The inter-island flight, Aloha Airlines Flight 243, took a roundtrip course from Hilo to Honolulu, Hawaii. Everything about the trip began as normal, but along the way, the rapid growth of widespread metal fatigue cracks caused a portion of the roof to come completely off the aircraft.
Miraculously, the pilot was able to successfully land the aircraft at the nearest site, an airport in Maui.
Other notable crashes due to metal fatigue include the Comet jet crashes of the 1950’s. Comet jets, as many aircraft enthusiasts may already know, are the famous British precursors to the era of U.S. Boeing 700’s which began cornering the market in the late 1960’s.
The first jet passenger airplane was a Comet put into commercial flight in 1953. Just a year later, however, a series of three crashes due to metal fatigue caused all of the famous jets to be pulled from service, although newly designed Comets did come back into service later.
A world-wide survey published in the International Journal of Fatigue in 1981, that that between the years of 1934 to 1981, a total of 306 aircraft accidents could be attributed to aircraft metal fatigue which resulted in 1803 deaths.
Metal Fatigue and the FAA
These types of crashes are much less frequent in modern times due to the FAA’s vigilance in determining accurate aviation limitations using the LOV parameters.
In fact, the FAA requires both manufacturers and operators of aircraft to submit information about LOV levels according to a set schedule. These FAA rules have been in place since 2011 and operate to ensure that aircraft approaching maximum levels of cyclical loading and unloading can be retired well ahead of accidents and crashes.
The FAA’s Aging Aircraft Program also plays a significant role in preventing accidents due to metal fatigue. The program began in March 2006 due to several concerns, including those brought on by the 1988 Aloha Airlines crash.
Mainly, the Administration was concerned that many aircraft were being operated beyond their design limits and that a number of inspection criteria did not cover age-related issues for aircraft.
As part of compliance with FAA rules, manufacturers also must adhere to several airworthiness directives (AD). These directives include their own thresholds for airworthiness and require manufacturers to makes costly inspections and repairs before these thresholds are reached. The AD focus mainly on identifying areas which are most susceptible to widespread metal fatigue even before the aircraft reaches LOV thresholds.
Even though these inspections and repairs are costly and require extensive scrutiny for the likelihood that metal fatigue will occur, the FAA is extremely adamant about enforcing the rules. Also, major carriers like Boeing have agreed not to support the use of planes that fail either AD inspections or that reach LOV thresholds.
Can Aircraft Metal Polish Prevent Metal Fatigue?
Can aircraft metal polish play a role in preventing or reducing metal fatigue? The answer to this question according to scientific study, is yes. Researchers have found that polished surfaces have a much higher fatigue life than rough, non-polished surfaces. This means that the kind of polish you choose can have a significant impact on the risk of metal fatigue, and the dangers it can cause, for your aircraft.

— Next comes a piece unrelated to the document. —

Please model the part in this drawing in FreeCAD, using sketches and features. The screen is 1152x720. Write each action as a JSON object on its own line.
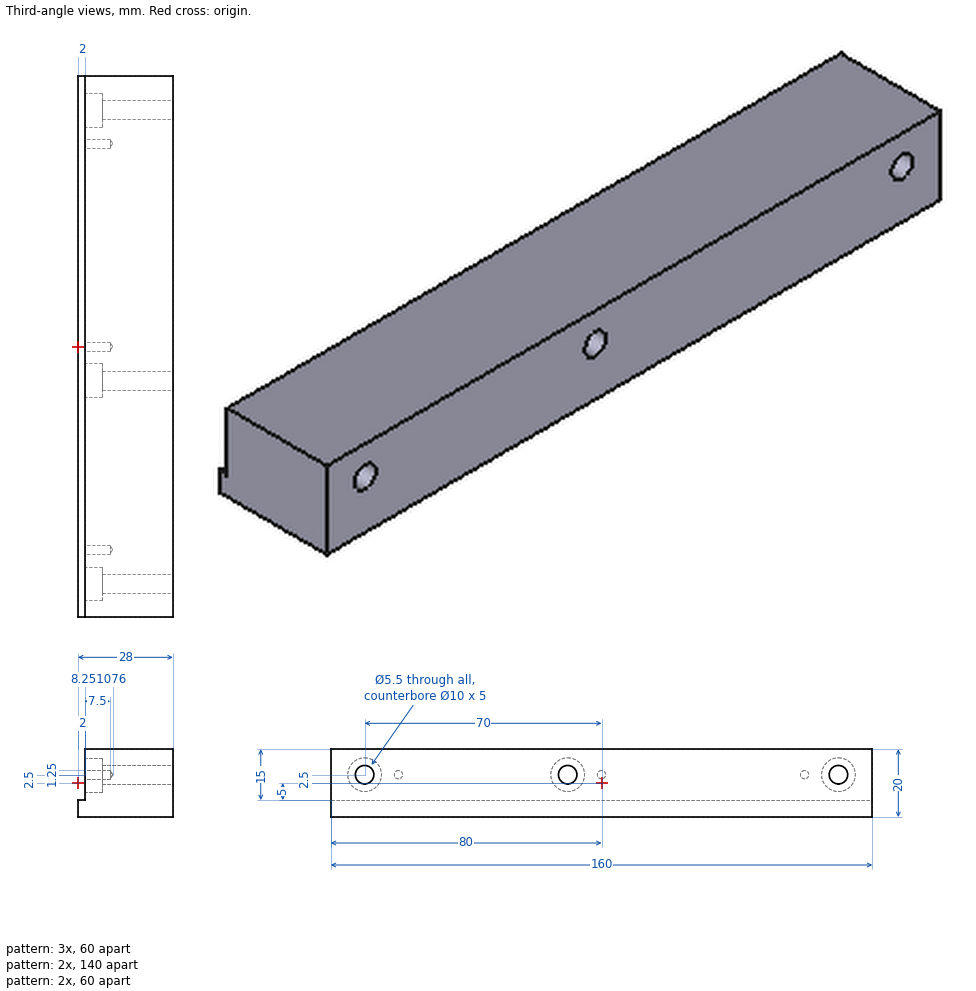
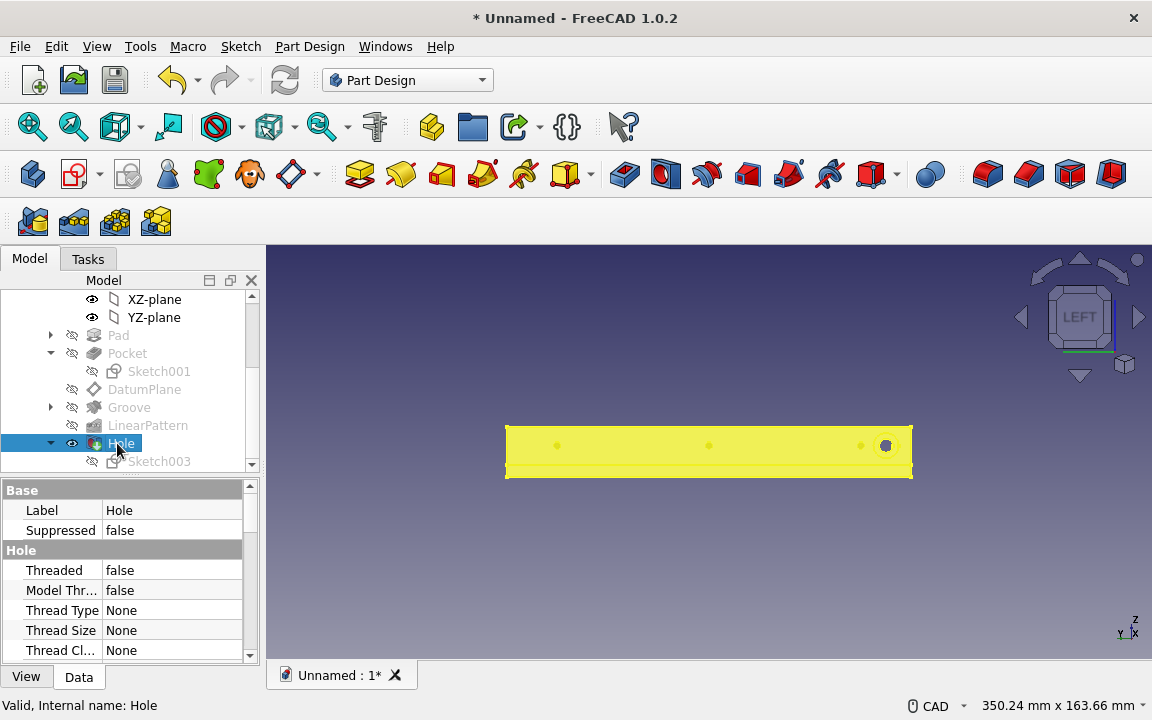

In fact, research suggests that components subject to high cyclic loading should definitely be ground and polished to ensure high fatigue life. Only the the best aircraft metal polishes can remove the scratches and nicks that could lead to widespread metal fatigue. For best results, and to ensure the safety of your aircraft, choose an aircraft metal polish that is aviation approved for trustworthy results.